To determine if a local density maximum is a true positive detection, we first defined the relative shift ratio *S* as the quotient of the distance between a detected local density peak to the center of its nearest particle and the radius of the minimum bounding sphere of the corresponding complex.

$$ S=\frac{\left|{x}_p-{C}_g\right|}{R_g} $$

Where *x*
_{
p
} is the location of a local density peak, *C*
_{
g
} and *R*
_{
g
} are the center and radius of the minimum bounding sphere of its nearest complex. We set *S* ≤ 0.5 as a threshold to select local density peaks that are relatively near to the center of the ground truth complex. We can then determine how many particles are reliably detected with the DoG particle picking method.

### Statistical Analysis of particle picking performance

Precision and recall is widely used as an assessment of information retrieval and is used to evaluate particle picking performances in cryo electron microscopy [8, 37]. The precision is defined as the fraction of the correctly detected versus all the detected peaks whereas the recall is defined as the fraction of the correctly detected peaks to the total number of particles in the ground truth dataset:

$$ precision = \frac{\#TP}{\#TP+\#FP} $$

$$ recall = \frac{\#TP}{\#TP+\#FN} $$

With #TP as the number of true positives, #FP is the number of false positives, and #FN is the number of false negatives in the particle detection.
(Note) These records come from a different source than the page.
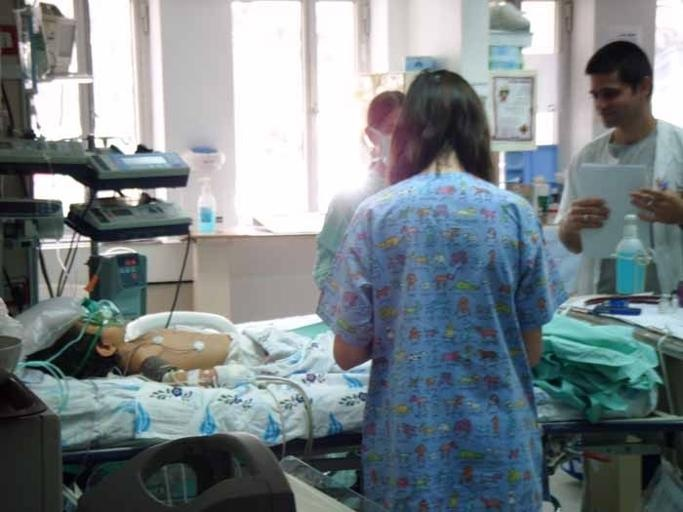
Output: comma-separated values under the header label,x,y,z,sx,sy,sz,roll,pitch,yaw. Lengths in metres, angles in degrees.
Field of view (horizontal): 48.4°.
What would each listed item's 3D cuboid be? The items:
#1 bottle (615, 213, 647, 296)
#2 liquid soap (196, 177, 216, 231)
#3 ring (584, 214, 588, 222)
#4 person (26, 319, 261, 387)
label,x,y,z,sx,sy,sz,roll,pitch,yaw
bottle,1.253,-0.003,3.282,0.134,0.364,0.212,1,7,20
liquid soap,-0.898,-0.339,5.024,0.111,0.352,0.264,-3,7,-11
ring,1.043,-0.164,3.247,0.019,0.019,0.006,-13,-3,10
person,-0.911,0.372,3.146,0.849,0.239,0.497,-1,7,-14
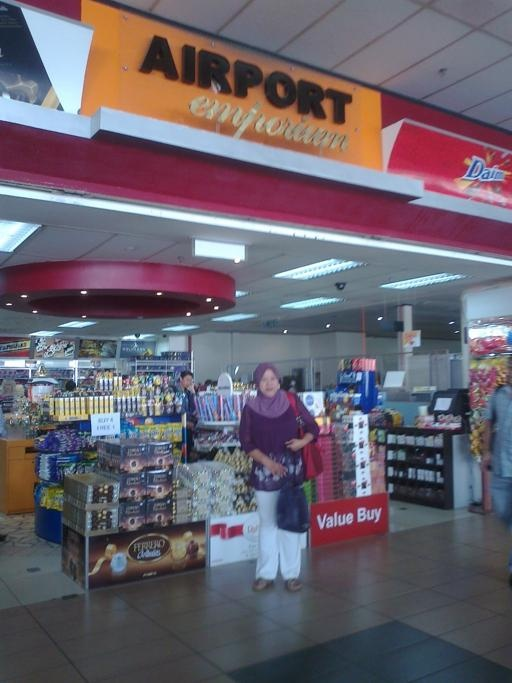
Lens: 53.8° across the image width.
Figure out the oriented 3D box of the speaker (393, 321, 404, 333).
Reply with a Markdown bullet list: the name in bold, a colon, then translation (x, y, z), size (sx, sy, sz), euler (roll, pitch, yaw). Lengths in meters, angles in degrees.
- **speaker**: translation (2.971, -0.298, 10.497), size (0.240, 0.223, 0.121), euler (-2, 4, -37)

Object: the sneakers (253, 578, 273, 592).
- **sneakers**: translation (0.054, 1.681, 3.524), size (0.053, 0.058, 0.146), euler (5, 6, 35)

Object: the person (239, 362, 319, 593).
- **person**: translation (0.125, 0.946, 3.577), size (0.525, 1.544, 0.536), euler (4, -11, -29)

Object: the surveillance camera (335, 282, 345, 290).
- **surveillance camera**: translation (1.442, -0.939, 8.620), size (0.118, 0.120, 0.218), euler (-1, -4, 8)

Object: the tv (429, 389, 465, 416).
- **tv**: translation (2.628, 0.838, 6.786), size (0.371, 0.372, 0.380), euler (6, -9, -27)

In addition to precision and recall, we also use the F-score to evaluate the overall particle picking performance [37]. The F-score is defined as the harmonic mean of precision and recall.

$$ F- score = \frac{2\cdot precision\cdot recall}{precision+ recall} $$

By calculating the harmonic mean of precision and recall, we can compare the particle picking performance for different parameter settings and determine the optimal setting for a given tomogram.